Hotline: Birdline Delaware
Date: June 12, 2015 
To Report: Andy Ednie 302-792-9591 (VOICE)
Compiler: Andy Ednie (ednieap AT verizon.net 
Coverage: Delaware, Delmarva Peninsula, nearby Delaware Valley, Southern New
Jersey, Maryland

This is Birdline Delaware, for Friday, June 12th from the Delaware Museum of
Natural History in Greenville. The unofficial Delaware annual list topped
the 300 mark this week with 3 new birds to increase to 302 species!
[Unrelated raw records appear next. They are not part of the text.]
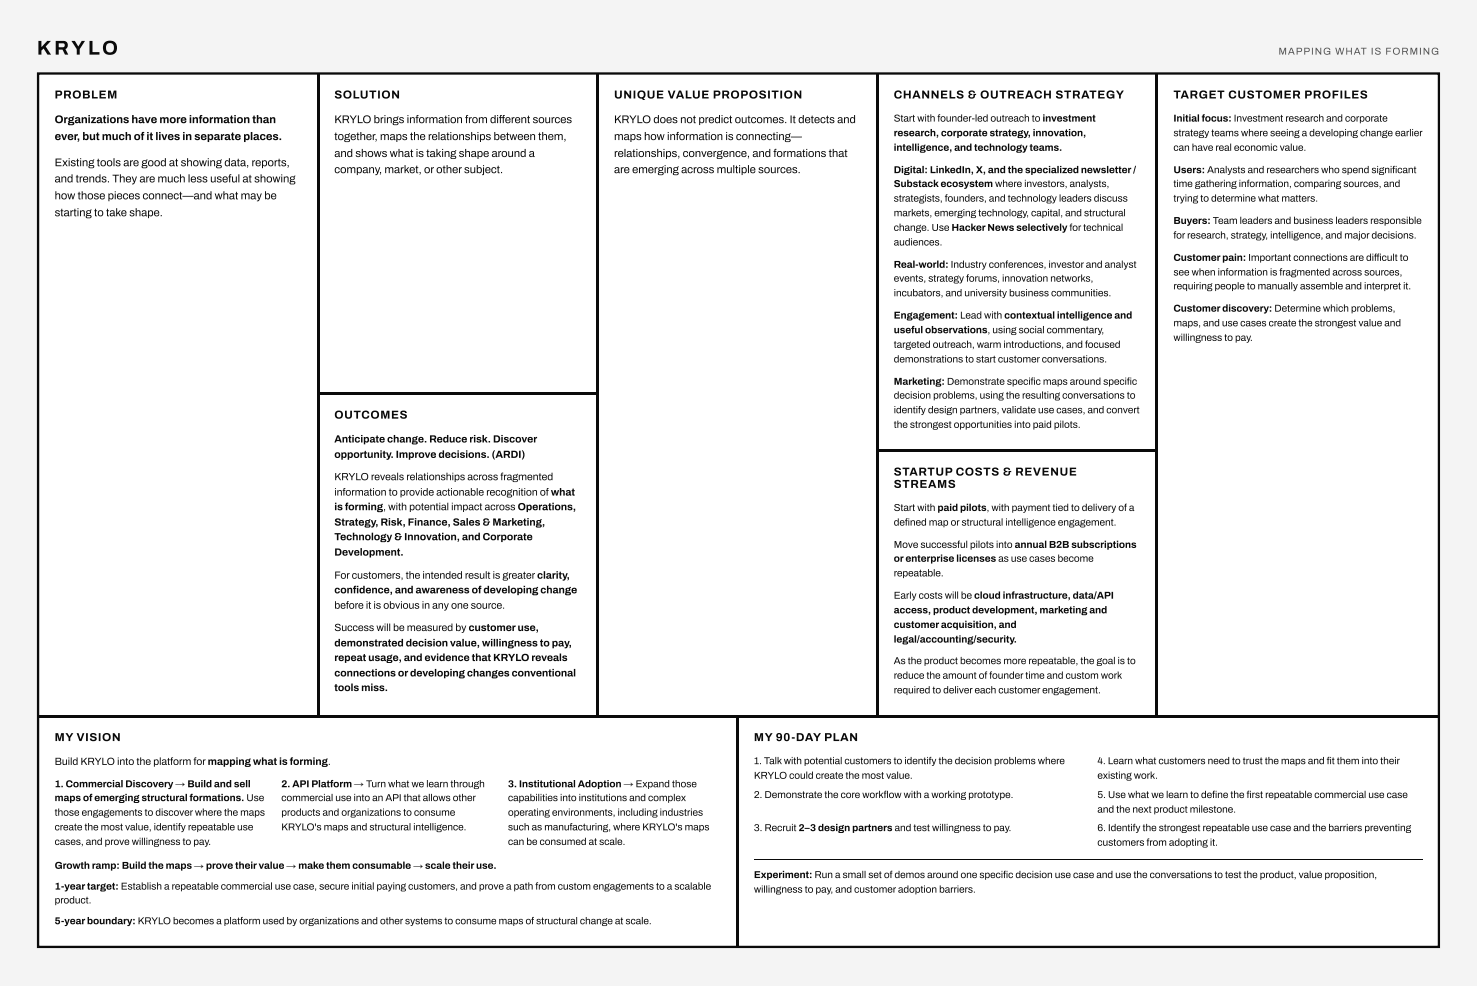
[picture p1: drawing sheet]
<svg xmlns="http://www.w3.org/2000/svg" width="508mm" height="339mm" viewBox="0 0 508 339" stroke-linecap="round" stroke-linejoin="round" font-family="sans-serif">
<defs><g id="words">
<text font-size="6.9" fill="#0a0a0a" x="12.7" y="18.8">KRYLO</text>
<g font-size="4" fill="#0a0a0a">
<text x="18.8" y="33.9">PROBLEM</text>
<text x="115" y="33.9">SOLUTION</text>
<text x="211.2" y="33.9">UNIQUE VALUE PROPOSITION</text>
<text x="307.4" y="33.9">CHANNELS &amp; OUTREACH STRATEGY</text>
<text x="403.6" y="33.9">TARGET CUSTOMER PROFILES</text>
<text x="115" y="143.9">OUTCOMES</text>
<text x="307.4" y="163.5">STARTUP COSTS &amp; REVENUE</text>
<text x="307.4" y="167.7">STREAMS</text>
<text x="18.8" y="254.8">MY VISION</text>
<text x="259.3" y="254.8">MY 90-DAY PLAN</text>
</g>
<g font-size="3.8" fill="#0a0a0a">
<text x="18.8" y="42.3">Organizations have more information than</text>
<text x="115" y="42.3">KRYLO brings information from diferent sources</text>
<text x="171.6" y="42.3">f</text>
<text x="211.2" y="42.3">KRYLO does not predict outcomes. It detects and</text>
<text x="18.8" y="48.2">ever, but much of it lives in separate places.</text>
<text x="115" y="48.2">together, maps the relationships between them,</text>
<text x="115" y="54">and shows what is taking shape around a</text>
<text x="211.2" y="48.2">maps how information is connecting—</text>
<text x="211.2" y="54">relationships, convergence, and formations that</text>
<text x="18.8" y="57.1">Existing tools are good at showing data, reports,</text>
<text x="115" y="59.5">company, market, or other subject.</text>
<text x="211.2" y="59.5">are emerging across multiple sources.</text>
<text x="18.8" y="62.7">and trends. They are much less useful at showing</text>
<text x="18.8" y="68.5">how those pieces connect—and what may be</text>
<text x="18.8" y="74.3">starting to take shape.</text>
</g>
<g font-size="3.6" fill="#0a0a0a">
<text x="115" y="152.1">Anticipate change. Reduce risk. Discover</text>
<text x="115" y="157.4">opportunity. Improve decisions. (ARDI)</text>
<text x="115" y="165.1">KRYLO reveals relationships across fragmented</text>
<text x="115" y="170.4">information to provide actionable recognition of what</text>
<text x="115" y="175.4">is forming, with potential impact across Operations,</text>
<text x="115" y="180.7">Strategy, Risk, Finance, Sales &amp; Marketing,</text>
<text x="115" y="185.7">Technology &amp; Innovation, and Corporate</text>
<text x="115" y="191">Development.</text>
<text x="115" y="199">For customers, the intended result is greater clarity,</text>
<text x="115" y="204">confdence, and awareness of developing change</text>
<text x="121.4" y="204">i</text>
<text x="115" y="209.3">before it is obvious in any one source.</text>
<text x="115" y="217">Success will be measured by customer use,</text>
<text x="115" y="222.2">demonstrated decision value, willingness to pay,</text>
<text x="115" y="227.3">repeat usage, and evidence that KRYLO reveals</text>
<text x="115" y="232.6">connections or developing changes conventional</text>
<text x="115" y="237.6">tools miss.</text>
<text x="18.8" y="263">Build KRYLO into the platform for mapping what is forming.</text>
</g>
<text font-size="3.4" fill="#555" x="439.7" y="18.8">MAPPING WHAT IS FORMING</text>
<g font-size="3.4" fill="#0a0a0a">
<text x="307.4" y="41.8">Start with founder-led outreach to investment</text>
<text x="403.6" y="41.8">Initial focus: Investment research and corporate</text>
<text x="307.4" y="46.8">research, corporate strategy, innovation,</text>
<text x="403.6" y="46.8">strategy teams where seeing a developing change earlier</text>
<text x="307.4" y="51.9">intelligence, and technology teams.</text>
<text x="403.6" y="51.9">can have real economic value.</text>
<text x="307.4" y="59.5">Digital: LinkedIn, X, and the specialized newsletter /</text>
<text x="403.6" y="59.5">Users: Analysts and researchers who spend signifcant</text>
<text x="478.8" y="59.5">i</text>
<text x="307.4" y="64.3">Substackecosystem where investors, analysts,</text>
<text x="403.6" y="64.3">time gathering information, comparing sources, and</text>
<text x="307.4" y="69.3">strategists, founders, and technology leaders discuss</text>
<text x="403.6" y="69.3">trying to determine what matters.</text>
<text x="307.4" y="74.3">markets, emerging technology, capital, and structural</text>
<text x="403.6" y="77">Buyers: Team leaders and business leaders responsible</text>
<text x="307.4" y="79.4">change. Use Hacker News selectively for technical</text>
<text x="403.6" y="82">for research, strategy, intelligence, and major decisions.</text>
<text x="307.4" y="84.4">audiences.</text>
<text x="403.6" y="89.7">Customer pain: Important connections are difcult to</text>
<text x="472.6" y="89.7">f</text>
<text x="472.6" y="89.7">i</text>
<text x="307.4" y="92.1">Real-world: Industry conferences, investor and analyst</text>
<text x="403.6" y="94.7">see when information is fragmented across sources,</text>
<text x="307.4" y="96.8">events, strategy forums, innovation networks,</text>
<text x="307.4" y="101.9">incubators, and university business communities.</text>
<text x="403.6" y="99.5">requiring people to manually assemble and interpret it.</text>
<text x="403.6" y="107.2">Customer discovery: Determine which problems,</text>
<text x="307.4" y="109.5">Engagement: Lead with contextual intelligence and</text>
<text x="403.6" y="112.2">maps, and use cases create the strongest value and</text>
<text x="307.4" y="114.6">useful observations, using social commentary,</text>
<text x="307.4" y="119.6">targeted outreach, warm introductions, and focused</text>
<text x="403.6" y="117.2">willingness to pay.</text>
<text x="307.4" y="124.6">demonstrations to start customer conversations.</text>
<text x="307.4" y="132.3">Marketing: Demonstrate specifc maps around specifc</text>
<text x="307.4" y="137.1">decision problems, using the resulting conversations to</text>
<text x="354.5" y="132.3">i</text>
<text x="387.6" y="132.3">i</text>
<text x="307.4" y="142.1">identify design partners, validate use cases, and convert</text>
<text x="307.4" y="147.1">the strongest opportunities into paid pilots.</text>
<text x="307.4" y="175.7">Start with paid pilots, with payment tied to delivery of a</text>
<text x="307.4" y="180.7">defned map or structural intelligence engagement.</text>
<text x="311.2" y="180.7">i</text>
<text x="307.4" y="188.4">Move successful pilots into annual B2B subscriptions</text>
<text x="307.4" y="193.1">or enterprise licenses as use cases become</text>
<text x="307.4" y="198.2">repeatable.</text>
<text x="307.4" y="205.8">Early costs will be cloud infrastructure, data/API</text>
<text x="307.4" y="210.9">access, product development, marketing and</text>
<text x="307.4" y="215.9">customer acquisition, and</text>
<text x="307.4" y="220.9">legal/accounting/security.</text>
<text x="307.4" y="228.3">As the product becomes more repeatable, the goal is to</text>
<text x="307.4" y="233.4">reduce the amount of founder time and custom work</text>
<text x="307.4" y="238.4">required to deliver each customer engagement.</text>
<text x="259.3" y="262.7">1. Talk with potential customers to identify the decision problems where</text>
<text x="377.4" y="262.7">4. Learn what customers need to trust the maps and ft them into their</text>
<text x="456.3" y="262.7">i</text>
<text x="259.3" y="267.8">KRYLO could create the most value.</text>
<text x="377.4" y="267.8">existing work.</text>
<text x="18.8" y="270.7">1. Commercial Discovery → Build and sell</text>
<text x="18.8" y="275.4">maps of emerging structural formations. Use</text>
<text x="96.7" y="270.7">2. API Platform → Turn what we learn through</text>
<text x="96.7" y="275.4">commercial use into an API that allows other</text>
<text x="174.7" y="270.7">3. Institutional Adoption → Expand those</text>
<text x="174.7" y="275.4">capabilities into institutions and complex</text>
<text x="259.3" y="274.4">2. Demonstrate the core workfow with a working prototype.</text>
<text x="303.9" y="274.4">l</text>
<text x="377.4" y="274.4">5. Use what we learn to defne the frst repeatable commercial use case</text>
<text x="416.9" y="274.4">i</text>
<text x="428.8" y="274.4">i</text>
<text x="18.8" y="280.5">those engagements to discover where the maps</text>
<text x="96.7" y="280.5">products and organizations to consume</text>
<text x="174.7" y="280.5">operating environments, including industries</text>
<text x="377.4" y="279.4">and the next product milestone.</text>
<text x="18.8" y="285.5">create the most value, identify repeatable use</text>
<text x="96.7" y="285.5">KRYLO's maps and structural intelligence.</text>
<text x="174.7" y="285.5">such as manufacturing, where KRYLO's maps</text>
<text x="259.3" y="285.7">3. Recruit 2–3 design partners and test willingness to pay.</text>
<text x="377.4" y="285.7">6. Identify the strongest repeatable use case and the barriers preventing</text>
<text x="18.8" y="290.5">cases, and prove willingness to pay.</text>
<text x="174.7" y="290.5">can be consumed at scale.</text>
<text x="377.4" y="290.8">customers from adopting it.</text>
<text x="18.8" y="298.7">Growth ramp: Build the maps → prove their value → make them consumable → scale their use.</text>
<text x="18.8" y="305.9">1-year target: Establish a repeatable commercial use case, secure initial paying customers, and prove a path from custom engagements to a scalable</text>
<text x="259.3" y="301.9">Experiment: Run a small set of demos around one specifc decision use case and use the conversations to test the product, value proposition,</text>
<text x="345" y="301.9">i</text>
<text x="18.8" y="310.6">product.</text>
<text x="259.3" y="306.9">willingness to pay, and customer adoption barriers.</text>
<text x="18.8" y="317.8">5-year boundary: KRYLO becomes a platform used by organizations and other systems to consume maps of structural change at scale.</text>
</g>
</g></defs>
<path d="M0 0h508v338.7h-508z" fill="#f4f4f2"/>
<path d="M12.7 24.9h482.6v301.1h-482.6z" fill="#fff"/>
<path d="M13.1 25.3h481.8v300.3h-481.8z" fill="none" stroke="#0a0a0a" stroke-width=".79" stroke-linecap="butt"/>
<g fill="#0a0a0a">
<path d="M13.5 245.8h481v.8h-481z"/>
<path d="M109 25.7h.8v220.1h-.8z"/>
<path d="M205.1 25.7h.7v220.1h-.7z"/>
<path d="M109.8 134.9h95.3v.8h-95.3z"/>
<path d="M301.4 25.7h.8v220.1h-.8z"/>
<path d="M397.4 25.7h.8v220.1h-.8z"/>
<path d="M302.2 154.5h95.2v.8h-95.2z"/>
<path d="M253.2 246.6h.8v78.6h-.8z"/>
</g>
<path d="M259.3 295.7h229.9" fill="none" stroke="#0a0a0a" stroke-width=".34"/>
<use href="#words"/>
</svg>

A pair of GULL-BILLED TERNS were found on Saturday afternoon at Sheerness
Pool in Bombay Hook National Wildlife Refuge near Smyrna. Those birds were
seen near the north end of the pool before the copes of trees on the left.
Also reported Bombay Hook was BLACK SKIMMER flying over Raymond Pool and
roosting on the sandbar at the south end of Sheerness. A SNOW GOOSE was also
seen at the north end of Sheerness Pool. Not many lingering waterfowl has
been seen at the refuge, perhaps due the 14 BALD EAGLES on the Shearness
Pool sandbar; not much chance for an injured waterfowl to survive.
Shorebirds seen at The Hook included BLACK-BELLIED PLOVER, LEAST SANDPIPER,
LESSER YELLOWLEGS, and nesting BLACK-NECKED STILT and WILLET. LEAST BITTERN
has been seen at Sheerness and Bear Swamp. BLACK-CROWNED NIGHT HERONS were
also reported at Night Heron Island. 

A ROYAL TERN was reported at Port Mahon. GADWALL and a drake BLUE-WINGED
TEAL were seen at the northwest impoundment at the central tower in Little
Creek Wildlife Management Area. A LEAST BITTERN was seen at the Logan Tract
at Ted Harvey Conservation Area.  RED KNOT was still present at Kitts
Hummock. 

A CASPIAN TERN was reported at Delaware City from ABA Headquarters. Also
reported was CATTLE EGRET and LITTLE BLUE HERON. A YELLOW-CROWNED NIGHT
HERON was photographed at Pea Patch Island. 

A BLACK TERN was reported at Cape Henlopen State Park. That bird was seen
flying out over the rips from the Hawkwatch. Another new bird was a
PARASITIC JAEGER from the Hawkwatch, plus 4 SURF SCOTERS. LEAST  and ROYAL
TERN was seen at The Point at Cape Henlopen, along with PIPING PLOVER and
AMERICAN OYSTERCATCHER plus a late SEMIPALMATED PLOVER. BROWN-HEADED
NUTHATCHES continue be reported in the woods by the Seaside Nature Center.
Six COMMON NIGHTHAWKS were seen flying over Fort Miles. YELLOW-CROWNED NIGHT
HERON was found at the Monroe Avenue ponds. Gordon's Pond had GREATER and
LESSER YELLOWLEGS along with 14 SNOWY EGRETS and 2 GREEN HERONS.
BROWN-HEADED NUTHATCH was also found there.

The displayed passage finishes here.